#### Record extracts ####

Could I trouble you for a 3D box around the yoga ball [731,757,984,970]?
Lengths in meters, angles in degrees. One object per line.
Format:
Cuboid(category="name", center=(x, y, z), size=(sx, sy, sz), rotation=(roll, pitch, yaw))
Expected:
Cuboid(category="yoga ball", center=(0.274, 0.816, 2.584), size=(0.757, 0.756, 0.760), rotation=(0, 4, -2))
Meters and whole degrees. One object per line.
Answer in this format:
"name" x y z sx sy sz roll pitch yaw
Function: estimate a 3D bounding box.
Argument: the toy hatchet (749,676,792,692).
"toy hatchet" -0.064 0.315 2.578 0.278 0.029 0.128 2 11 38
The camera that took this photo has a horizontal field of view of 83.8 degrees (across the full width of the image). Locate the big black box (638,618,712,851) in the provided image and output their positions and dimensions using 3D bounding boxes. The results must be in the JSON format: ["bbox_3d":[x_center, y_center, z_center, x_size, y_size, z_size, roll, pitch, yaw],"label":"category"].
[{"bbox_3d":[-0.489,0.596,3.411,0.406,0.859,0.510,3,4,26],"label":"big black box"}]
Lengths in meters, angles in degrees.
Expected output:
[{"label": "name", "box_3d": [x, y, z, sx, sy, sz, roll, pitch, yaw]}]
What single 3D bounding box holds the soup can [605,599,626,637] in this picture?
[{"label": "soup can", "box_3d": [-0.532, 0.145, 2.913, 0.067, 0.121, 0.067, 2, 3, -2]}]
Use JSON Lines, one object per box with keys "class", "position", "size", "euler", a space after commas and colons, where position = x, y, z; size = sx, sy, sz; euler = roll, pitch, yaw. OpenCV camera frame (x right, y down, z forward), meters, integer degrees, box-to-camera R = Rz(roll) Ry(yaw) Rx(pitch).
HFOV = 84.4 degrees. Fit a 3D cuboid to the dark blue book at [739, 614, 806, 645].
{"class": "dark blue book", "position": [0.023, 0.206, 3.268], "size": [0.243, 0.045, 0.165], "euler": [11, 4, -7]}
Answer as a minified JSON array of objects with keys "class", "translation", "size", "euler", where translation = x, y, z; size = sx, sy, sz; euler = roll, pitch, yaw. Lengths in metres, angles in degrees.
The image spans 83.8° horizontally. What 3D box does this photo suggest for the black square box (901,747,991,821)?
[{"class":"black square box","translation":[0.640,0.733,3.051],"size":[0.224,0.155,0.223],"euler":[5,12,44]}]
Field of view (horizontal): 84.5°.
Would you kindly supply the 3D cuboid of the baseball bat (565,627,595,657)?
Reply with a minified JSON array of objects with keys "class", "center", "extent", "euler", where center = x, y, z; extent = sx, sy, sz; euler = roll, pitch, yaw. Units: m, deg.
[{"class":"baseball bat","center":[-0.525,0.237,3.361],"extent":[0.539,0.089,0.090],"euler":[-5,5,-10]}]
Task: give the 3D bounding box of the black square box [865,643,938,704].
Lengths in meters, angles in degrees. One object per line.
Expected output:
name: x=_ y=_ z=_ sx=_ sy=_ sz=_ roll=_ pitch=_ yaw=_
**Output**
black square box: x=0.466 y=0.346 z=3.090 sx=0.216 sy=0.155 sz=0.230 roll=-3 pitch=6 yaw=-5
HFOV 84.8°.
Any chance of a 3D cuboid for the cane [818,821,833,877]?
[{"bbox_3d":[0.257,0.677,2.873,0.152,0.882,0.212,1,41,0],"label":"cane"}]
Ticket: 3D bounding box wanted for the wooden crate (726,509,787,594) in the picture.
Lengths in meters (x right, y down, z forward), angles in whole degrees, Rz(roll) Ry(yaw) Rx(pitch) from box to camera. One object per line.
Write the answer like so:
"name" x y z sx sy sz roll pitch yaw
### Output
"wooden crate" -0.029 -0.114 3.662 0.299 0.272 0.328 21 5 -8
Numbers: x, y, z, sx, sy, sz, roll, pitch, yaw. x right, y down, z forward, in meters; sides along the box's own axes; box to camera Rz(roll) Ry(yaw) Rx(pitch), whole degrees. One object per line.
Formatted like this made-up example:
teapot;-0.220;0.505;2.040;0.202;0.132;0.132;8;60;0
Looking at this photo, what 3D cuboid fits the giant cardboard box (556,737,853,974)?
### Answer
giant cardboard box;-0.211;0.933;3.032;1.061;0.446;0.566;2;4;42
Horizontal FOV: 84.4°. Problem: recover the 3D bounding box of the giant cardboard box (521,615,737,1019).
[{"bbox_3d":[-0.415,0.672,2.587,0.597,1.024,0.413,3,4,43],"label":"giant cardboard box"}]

####

* Goal of the exercise: Nothing in the entries should be left out; please reproduce them all exactly.

* Solution:
Could I trouble you for a 3D box around the yoga ball [731,757,984,970]?
Lengths in meters, angles in degrees. One object per line.
Format:
Cuboid(category="name", center=(x, y, z), size=(sx, sy, sz), rotation=(roll, pitch, yaw))
Expected:
Cuboid(category="yoga ball", center=(0.274, 0.816, 2.584), size=(0.757, 0.756, 0.760), rotation=(0, 4, -2))
Meters and whole degrees. One object per line.
Answer in this format:
"name" x y z sx sy sz roll pitch yaw
Function: estimate a 3D bounding box.
Argument: the toy hatchet (749,676,792,692).
"toy hatchet" -0.064 0.315 2.578 0.278 0.029 0.128 2 11 38
The camera that took this photo has a horizontal field of view of 83.8 degrees (across the full width of the image). Locate the big black box (638,618,712,851) in the provided image and output their positions and dimensions using 3D bounding boxes. The results must be in the JSON format: ["bbox_3d":[x_center, y_center, z_center, x_size, y_size, z_size, roll, pitch, yaw],"label":"category"].
[{"bbox_3d":[-0.489,0.596,3.411,0.406,0.859,0.510,3,4,26],"label":"big black box"}]
Lengths in meters, angles in degrees.
Expected output:
[{"label": "name", "box_3d": [x, y, z, sx, sy, sz, roll, pitch, yaw]}]
What single 3D bounding box holds the soup can [605,599,626,637] in this picture?
[{"label": "soup can", "box_3d": [-0.532, 0.145, 2.913, 0.067, 0.121, 0.067, 2, 3, -2]}]
Use JSON Lines, one object per box with keys "class", "position", "size", "euler", a space after commas and colons, where position = x, y, z; size = sx, sy, sz; euler = roll, pitch, yaw. OpenCV camera frame (x right, y down, z forward), meters, integer degrees, box-to-camera R = Rz(roll) Ry(yaw) Rx(pitch).
HFOV = 84.4 degrees. Fit a 3D cuboid to the dark blue book at [739, 614, 806, 645].
{"class": "dark blue book", "position": [0.023, 0.206, 3.268], "size": [0.243, 0.045, 0.165], "euler": [11, 4, -7]}
Answer as a minified JSON array of objects with keys "class", "translation", "size", "euler", where translation = x, y, z; size = sx, sy, sz; euler = roll, pitch, yaw. Lengths in metres, angles in degrees.
The image spans 83.8° horizontally. What 3D box does this photo suggest for the black square box (901,747,991,821)?
[{"class":"black square box","translation":[0.640,0.733,3.051],"size":[0.224,0.155,0.223],"euler":[5,12,44]}]
Field of view (horizontal): 84.5°.
Would you kindly supply the 3D cuboid of the baseball bat (565,627,595,657)?
Reply with a minified JSON array of objects with keys "class", "center", "extent", "euler", where center = x, y, z; extent = sx, sy, sz; euler = roll, pitch, yaw. Units: m, deg.
[{"class":"baseball bat","center":[-0.525,0.237,3.361],"extent":[0.539,0.089,0.090],"euler":[-5,5,-10]}]
Task: give the 3D bounding box of the black square box [865,643,938,704].
Lengths in meters, angles in degrees. One object per line.
Expected output:
name: x=_ y=_ z=_ sx=_ sy=_ sz=_ roll=_ pitch=_ yaw=_
**Output**
black square box: x=0.466 y=0.346 z=3.090 sx=0.216 sy=0.155 sz=0.230 roll=-3 pitch=6 yaw=-5
HFOV 84.8°.
Any chance of a 3D cuboid for the cane [818,821,833,877]?
[{"bbox_3d":[0.257,0.677,2.873,0.152,0.882,0.212,1,41,0],"label":"cane"}]
Ticket: 3D bounding box wanted for the wooden crate (726,509,787,594) in the picture.
Lengths in meters (x right, y down, z forward), angles in whole degrees, Rz(roll) Ry(yaw) Rx(pitch) from box to camera. One object per line.
Write the answer like so:
"name" x y z sx sy sz roll pitch yaw
### Output
"wooden crate" -0.029 -0.114 3.662 0.299 0.272 0.328 21 5 -8
Numbers: x, y, z, sx, sy, sz, roll, pitch, yaw. x right, y down, z forward, in meters; sides along the box's own axes; box to camera Rz(roll) Ry(yaw) Rx(pitch), whole degrees. One object per line.
Formatted like this made-up example:
teapot;-0.220;0.505;2.040;0.202;0.132;0.132;8;60;0
Looking at this photo, what 3D cuboid fits the giant cardboard box (556,737,853,974)?
### Answer
giant cardboard box;-0.211;0.933;3.032;1.061;0.446;0.566;2;4;42
Horizontal FOV: 84.4°. Problem: recover the 3D bounding box of the giant cardboard box (521,615,737,1019).
[{"bbox_3d":[-0.415,0.672,2.587,0.597,1.024,0.413,3,4,43],"label":"giant cardboard box"}]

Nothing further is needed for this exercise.